Each year, the detailed publication of the votes of the 100 jurors of the Ballon d'Or reserves its share of surprises. And this 2025 edition has not derogated from the rule. In the aftermath of the coronation of Ousmane Dembélé, France Football unveiled all the ballots this Saturday, allowing to analyze trends … but also aberrations. Because in the midst of the rankings dominated by the world's major stars, a particular vote made observers jump. Does an unexpected choice that it relaunches an old question: does the selection of jurors really guarantee the credibility of the most prestigious football trophy?
Mctuminay, first… in the Ballon d'Or
This above -ground vote came from an Scottish journalist, John Greechan (Edinburgh Evening News), who simply placed Scott Mctuminay in first place in his ranking, ahead of Ousmane Dembélé, Mohamed Salah or Lamine Yamal. An obviously legal choice – all the names can be classified in any order – but which shocks by its lack of sporting logic. If MCTOMINAY was an important element of Naples in the conquest of Serie A, but to see him get ahead of the great figures of world football is a patriotism assumed more than an objective judgment.
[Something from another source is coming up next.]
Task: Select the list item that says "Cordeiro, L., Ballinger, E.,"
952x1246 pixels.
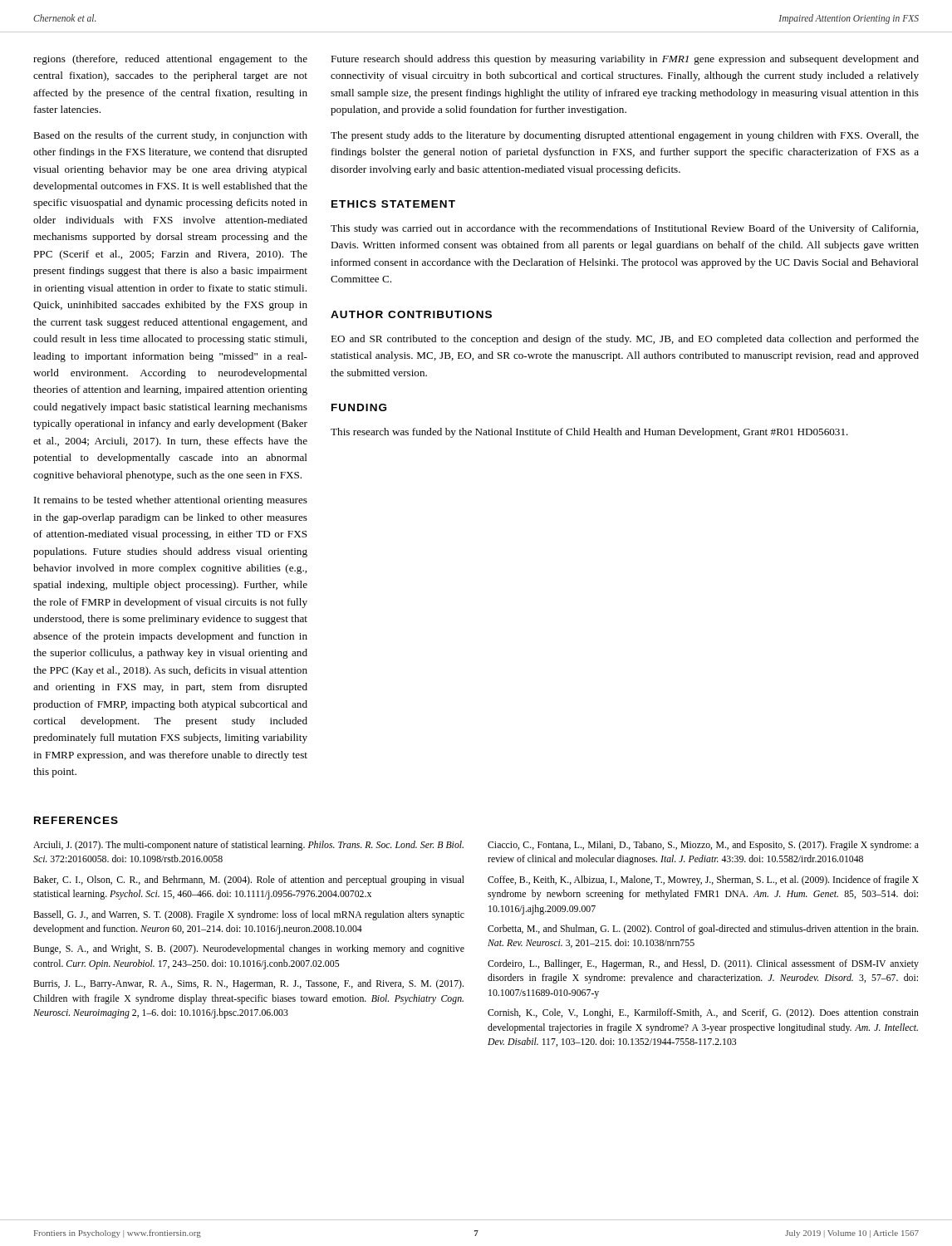Action: click(x=703, y=978)

And he is not the only one. The Georgian juror, for example, offered first place to the Parisian Khvicha Kvaratskhelia, however far from the performance standards of Dembélé or Salah this season. This type of nationalist vote disrupts the hierarchy and weakens the credibility of a prize supposed to reward individual performance at the highest level. It is precisely to limit this kind of excess that France Football had, since 2022, restricted its jury in the first 100 countries in the FIFA ranking.
Patriotic votes that distort the ballot
But it is clear that these measures were not enough to eradicate the inconsistencies. Despite the desire to professionalize the jury, “patriotic” bulletins continue to arise and weigh on the final classification. Some observers believe that the review could go further by sanctioning voters whose choices are too far from sporting realities. Moreover, Trinité-et-Tobago, Namibia and Armenia were excluded from the panel this year for this kind of drifts.
These unlikely votes recall the years 2010, when some micro-state journalists placed local players in their top 5 ahead of Messi or Ronaldo. France Football may have strengthened its criteria, the problem has not completely disappeared. And if he does not always alter the podium, he poses a background question: how to preserve the prestige of the Ballon d'Or in the face of such questionable choices? An interrogation which, too, returns every year … at the time of the revelation of the votes.